Let's say the owner of a domain learns that a rogue certificate for their domain has been issued, and is being controlled by an attacker. (For example because of a user's report, who used any of the systems that may help to detect a rogue certificate.)

The rogue certificate will be revoked, but because of today's reality of incomplete revocation checking, the victim might be unable to perform revocation checking and still be attackable.

The following idea only helps against those attackers who can only temporarily control act as a MITM, who only temporary control the network connection between a client and a server, such as users with mobile devices, and may only help with sites that are visited frequently by the user.

As soon as the certificate has been revoked, the domain owner is able to obtain an OCSP response for the rogue certificate. The domain owner could configure their server to include this OCSP response in all TLS handshakes, even though this OCSP response is unrelated to the server certificate actually being used.

If clients had a persistent OCSP cache, in particular bundled with a persistent OCSP cache for all revocation events, then users/clients could potentially learn about important revoked certificates in advance, for the servers they frequently visit.

I believe this is an argument for getting OCSP stapling (and in particular "multi OCSP stapling" as proposed by Yngve Pettersen) implemented and widely deployed more quickly.

Actually, here is an expansion of this idea, not sure if it is practial. We could invent a new communication protocol between servers and CA's OCSP servers.

Servers could be allowed to contact (daily) each of the publicly known CAs.
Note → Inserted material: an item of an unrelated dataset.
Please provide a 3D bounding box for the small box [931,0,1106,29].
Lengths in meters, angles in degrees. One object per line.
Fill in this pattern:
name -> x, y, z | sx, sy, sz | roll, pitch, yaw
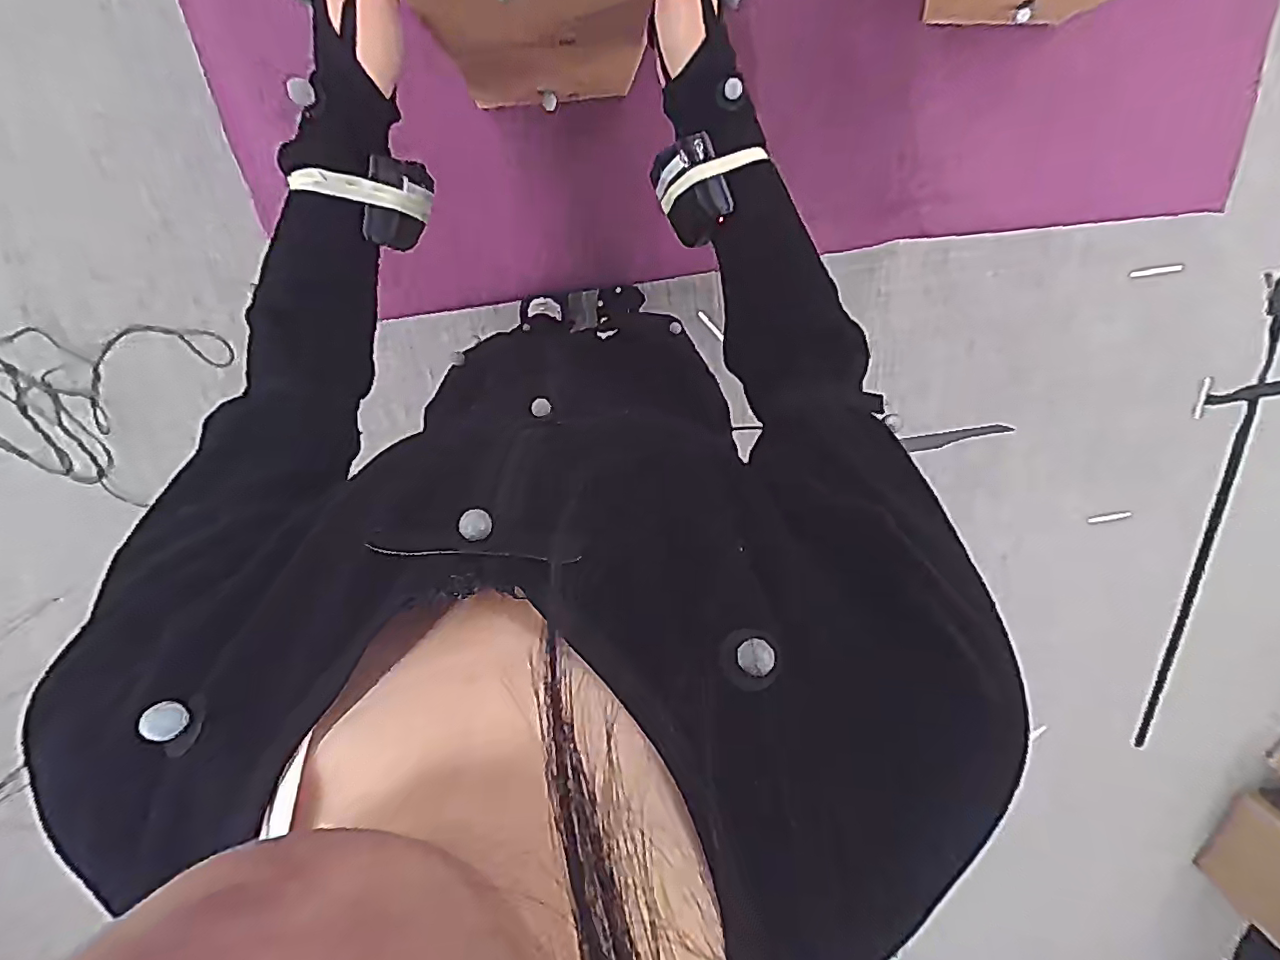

The server could ask "do you know about any revoked certificates for my server's hostname?". Assuming the CA has a database of their incorrectly issued certificates, it could lookup the affected certificates, produce a revocation OCSP response for each of them, and send them back to the server. This way, information about compromised certificates could be distributed automatically, only between the parties that are really interested in such certificates.

Of couse, this "advance OCSP stapling" doesn't help if the user connects to the system for the first time, or visits the system infrequently and therefore doesn't have a chance to learn about the rogue certificate early. That's where MECAI might be able to help.